- _What is needed_: Please copy out the entries until you have copied the line that contains "6. current in", beginning with the first line.

>>

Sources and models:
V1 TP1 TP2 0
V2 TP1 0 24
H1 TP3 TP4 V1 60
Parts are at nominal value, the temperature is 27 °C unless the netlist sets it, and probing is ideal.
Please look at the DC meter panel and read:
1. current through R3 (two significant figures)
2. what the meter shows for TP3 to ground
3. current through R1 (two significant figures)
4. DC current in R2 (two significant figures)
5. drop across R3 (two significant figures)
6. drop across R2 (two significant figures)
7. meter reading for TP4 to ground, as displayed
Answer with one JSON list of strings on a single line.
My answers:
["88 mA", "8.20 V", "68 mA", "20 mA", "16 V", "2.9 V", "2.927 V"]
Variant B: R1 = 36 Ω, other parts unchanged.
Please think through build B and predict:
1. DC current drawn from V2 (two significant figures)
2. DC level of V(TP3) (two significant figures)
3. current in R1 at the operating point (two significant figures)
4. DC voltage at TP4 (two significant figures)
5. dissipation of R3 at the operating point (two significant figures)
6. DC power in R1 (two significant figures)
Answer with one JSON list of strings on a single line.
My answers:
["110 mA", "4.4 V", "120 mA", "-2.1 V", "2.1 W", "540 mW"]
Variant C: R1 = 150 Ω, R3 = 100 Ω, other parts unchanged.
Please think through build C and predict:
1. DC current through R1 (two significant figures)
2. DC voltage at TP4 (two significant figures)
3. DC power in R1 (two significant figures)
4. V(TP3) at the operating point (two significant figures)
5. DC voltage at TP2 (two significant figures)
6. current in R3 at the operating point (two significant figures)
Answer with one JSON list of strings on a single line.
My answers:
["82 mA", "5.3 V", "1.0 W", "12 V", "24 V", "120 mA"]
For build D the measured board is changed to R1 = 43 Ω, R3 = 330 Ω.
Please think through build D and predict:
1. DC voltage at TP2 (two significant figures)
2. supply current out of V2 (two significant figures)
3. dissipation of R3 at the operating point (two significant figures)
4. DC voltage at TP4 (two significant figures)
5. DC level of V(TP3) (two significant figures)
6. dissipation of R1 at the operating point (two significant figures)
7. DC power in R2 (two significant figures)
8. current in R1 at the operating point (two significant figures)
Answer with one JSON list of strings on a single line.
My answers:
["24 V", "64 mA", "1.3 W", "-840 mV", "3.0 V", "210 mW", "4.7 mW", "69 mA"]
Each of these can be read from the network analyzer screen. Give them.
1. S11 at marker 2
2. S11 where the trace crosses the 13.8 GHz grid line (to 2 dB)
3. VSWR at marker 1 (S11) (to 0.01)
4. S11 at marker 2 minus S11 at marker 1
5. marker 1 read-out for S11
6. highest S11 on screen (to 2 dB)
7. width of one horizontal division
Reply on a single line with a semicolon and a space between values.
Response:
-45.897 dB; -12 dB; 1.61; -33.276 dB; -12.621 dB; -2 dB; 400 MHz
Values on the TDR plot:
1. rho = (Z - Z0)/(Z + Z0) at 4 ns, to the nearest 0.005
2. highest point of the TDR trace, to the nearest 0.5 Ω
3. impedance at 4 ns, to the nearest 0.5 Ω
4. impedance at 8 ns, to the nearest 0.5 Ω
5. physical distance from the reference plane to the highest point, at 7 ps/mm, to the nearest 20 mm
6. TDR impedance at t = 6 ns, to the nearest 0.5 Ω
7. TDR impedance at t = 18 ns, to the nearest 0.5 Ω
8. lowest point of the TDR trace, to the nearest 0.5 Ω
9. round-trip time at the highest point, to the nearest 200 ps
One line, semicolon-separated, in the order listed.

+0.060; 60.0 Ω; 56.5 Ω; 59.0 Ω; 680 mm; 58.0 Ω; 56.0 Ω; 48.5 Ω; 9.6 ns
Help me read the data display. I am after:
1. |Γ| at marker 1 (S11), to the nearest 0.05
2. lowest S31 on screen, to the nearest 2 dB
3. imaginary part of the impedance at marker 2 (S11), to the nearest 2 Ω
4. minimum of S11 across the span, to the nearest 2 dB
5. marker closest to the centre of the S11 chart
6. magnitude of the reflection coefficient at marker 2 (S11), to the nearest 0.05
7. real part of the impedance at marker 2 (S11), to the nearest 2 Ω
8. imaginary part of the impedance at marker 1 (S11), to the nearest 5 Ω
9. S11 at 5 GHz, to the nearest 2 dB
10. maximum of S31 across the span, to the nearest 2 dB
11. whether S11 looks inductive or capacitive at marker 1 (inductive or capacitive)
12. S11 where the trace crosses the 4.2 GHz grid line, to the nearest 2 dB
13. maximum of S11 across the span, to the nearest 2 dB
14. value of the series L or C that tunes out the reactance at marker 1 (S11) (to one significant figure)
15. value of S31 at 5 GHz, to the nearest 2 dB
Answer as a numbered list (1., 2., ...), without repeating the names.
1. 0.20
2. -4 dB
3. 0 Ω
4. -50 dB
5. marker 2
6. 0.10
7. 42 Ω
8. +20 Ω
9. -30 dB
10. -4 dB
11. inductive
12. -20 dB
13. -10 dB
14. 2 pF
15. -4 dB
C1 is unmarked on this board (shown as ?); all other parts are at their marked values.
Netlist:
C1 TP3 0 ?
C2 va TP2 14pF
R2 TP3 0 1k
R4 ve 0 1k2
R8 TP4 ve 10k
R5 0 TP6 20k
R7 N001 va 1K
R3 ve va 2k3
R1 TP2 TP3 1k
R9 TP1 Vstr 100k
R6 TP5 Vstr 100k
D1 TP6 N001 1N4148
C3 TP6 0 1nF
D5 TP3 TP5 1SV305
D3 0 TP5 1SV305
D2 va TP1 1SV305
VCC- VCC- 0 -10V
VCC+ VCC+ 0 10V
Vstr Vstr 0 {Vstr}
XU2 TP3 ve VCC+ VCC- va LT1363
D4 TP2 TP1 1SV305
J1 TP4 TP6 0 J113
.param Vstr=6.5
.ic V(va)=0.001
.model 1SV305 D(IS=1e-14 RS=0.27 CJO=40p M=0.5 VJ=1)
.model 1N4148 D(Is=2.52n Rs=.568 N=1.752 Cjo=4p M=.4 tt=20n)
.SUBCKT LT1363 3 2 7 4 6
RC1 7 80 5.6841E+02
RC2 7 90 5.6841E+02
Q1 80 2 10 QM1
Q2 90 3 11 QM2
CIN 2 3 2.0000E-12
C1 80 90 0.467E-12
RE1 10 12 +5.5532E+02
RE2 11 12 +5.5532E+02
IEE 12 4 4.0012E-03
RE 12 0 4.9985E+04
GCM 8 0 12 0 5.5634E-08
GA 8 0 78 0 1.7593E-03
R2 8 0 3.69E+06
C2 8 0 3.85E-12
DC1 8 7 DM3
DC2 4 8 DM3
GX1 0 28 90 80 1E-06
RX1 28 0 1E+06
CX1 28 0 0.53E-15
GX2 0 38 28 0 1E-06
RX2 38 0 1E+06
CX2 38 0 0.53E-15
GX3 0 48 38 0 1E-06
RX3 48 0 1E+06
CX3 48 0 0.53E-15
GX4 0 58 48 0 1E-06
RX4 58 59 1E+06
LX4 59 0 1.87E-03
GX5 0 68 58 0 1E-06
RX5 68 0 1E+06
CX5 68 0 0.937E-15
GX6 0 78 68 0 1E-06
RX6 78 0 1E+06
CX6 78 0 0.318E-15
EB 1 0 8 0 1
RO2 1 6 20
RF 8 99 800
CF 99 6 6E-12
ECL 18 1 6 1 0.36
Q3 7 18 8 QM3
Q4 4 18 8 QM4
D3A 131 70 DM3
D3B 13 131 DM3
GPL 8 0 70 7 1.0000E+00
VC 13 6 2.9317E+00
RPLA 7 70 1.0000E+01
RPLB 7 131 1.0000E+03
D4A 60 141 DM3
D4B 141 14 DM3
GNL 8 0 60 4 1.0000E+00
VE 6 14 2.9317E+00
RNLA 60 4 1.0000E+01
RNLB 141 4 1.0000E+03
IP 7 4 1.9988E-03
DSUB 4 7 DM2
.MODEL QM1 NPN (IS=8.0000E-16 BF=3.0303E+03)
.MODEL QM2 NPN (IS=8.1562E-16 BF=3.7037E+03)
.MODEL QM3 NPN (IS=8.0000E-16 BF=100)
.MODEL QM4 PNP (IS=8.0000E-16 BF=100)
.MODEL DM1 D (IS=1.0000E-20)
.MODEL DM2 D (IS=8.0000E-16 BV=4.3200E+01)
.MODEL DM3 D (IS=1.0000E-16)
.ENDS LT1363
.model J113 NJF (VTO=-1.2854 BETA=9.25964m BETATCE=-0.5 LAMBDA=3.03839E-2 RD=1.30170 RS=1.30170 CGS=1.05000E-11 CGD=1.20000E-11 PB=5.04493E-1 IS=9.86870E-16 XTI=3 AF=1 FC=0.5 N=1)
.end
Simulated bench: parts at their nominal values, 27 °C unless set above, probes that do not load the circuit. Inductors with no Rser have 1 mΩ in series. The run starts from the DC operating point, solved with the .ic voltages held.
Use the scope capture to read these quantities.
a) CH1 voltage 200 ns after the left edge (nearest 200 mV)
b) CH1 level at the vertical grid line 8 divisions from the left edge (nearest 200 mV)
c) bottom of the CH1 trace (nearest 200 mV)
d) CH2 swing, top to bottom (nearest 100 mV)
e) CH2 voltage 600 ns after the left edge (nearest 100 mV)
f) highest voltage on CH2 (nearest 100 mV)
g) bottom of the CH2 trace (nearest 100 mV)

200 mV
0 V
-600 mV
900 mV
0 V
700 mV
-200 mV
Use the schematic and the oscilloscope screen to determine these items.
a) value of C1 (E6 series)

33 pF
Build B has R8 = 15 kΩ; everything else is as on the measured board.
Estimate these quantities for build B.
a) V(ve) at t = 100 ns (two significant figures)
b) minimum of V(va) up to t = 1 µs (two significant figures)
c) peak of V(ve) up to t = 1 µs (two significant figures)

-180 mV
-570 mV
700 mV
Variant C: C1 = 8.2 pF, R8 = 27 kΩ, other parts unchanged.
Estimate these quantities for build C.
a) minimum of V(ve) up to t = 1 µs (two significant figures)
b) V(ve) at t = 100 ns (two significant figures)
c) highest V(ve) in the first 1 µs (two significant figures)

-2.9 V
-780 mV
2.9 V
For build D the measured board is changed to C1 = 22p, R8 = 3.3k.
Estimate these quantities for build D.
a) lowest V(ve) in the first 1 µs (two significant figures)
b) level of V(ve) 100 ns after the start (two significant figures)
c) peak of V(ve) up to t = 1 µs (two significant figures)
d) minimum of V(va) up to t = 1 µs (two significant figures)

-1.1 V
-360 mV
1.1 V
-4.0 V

<<

- _Task output_:
Sources and models:
V1 TP1 TP2 0
V2 TP1 0 24
H1 TP3 TP4 V1 60
Parts are at nominal value, the temperature is 27 °C unless the netlist sets it, and probing is ideal.
Please look at the DC meter panel and read:
1. current through R3 (two significant figures)
2. what the meter shows for TP3 to ground
3. current through R1 (two significant figures)
4. DC current in R2 (two significant figures)
5. drop across R3 (two significant figures)
6. drop across R2 (two significant figures)
7. meter reading for TP4 to ground, as displayed
Answer with one JSON list of strings on a single line.
My answers:
["88 mA", "8.20 V", "68 mA", "20 mA", "16 V", "2.9 V", "2.927 V"]
Variant B: R1 = 36 Ω, other parts unchanged.
Please think through build B and predict:
1. DC current drawn from V2 (two significant figures)
2. DC level of V(TP3) (two significant figures)
3. current in R1 at the operating point (two significant figures)
4. DC voltage at TP4 (two significant figures)
5. dissipation of R3 at the operating point (two significant figures)
6. DC power in R1 (two significant figures)
Answer with one JSON list of strings on a single line.
My answers:
["110 mA", "4.4 V", "120 mA", "-2.1 V", "2.1 W", "540 mW"]
Variant C: R1 = 150 Ω, R3 = 100 Ω, other parts unchanged.
Please think through build C and predict:
1. DC current through R1 (two significant figures)
2. DC voltage at TP4 (two significant figures)
3. DC power in R1 (two significant figures)
4. V(TP3) at the operating point (two significant figures)
5. DC voltage at TP2 (two significant figures)
6. current in R3 at the operating point (two significant figures)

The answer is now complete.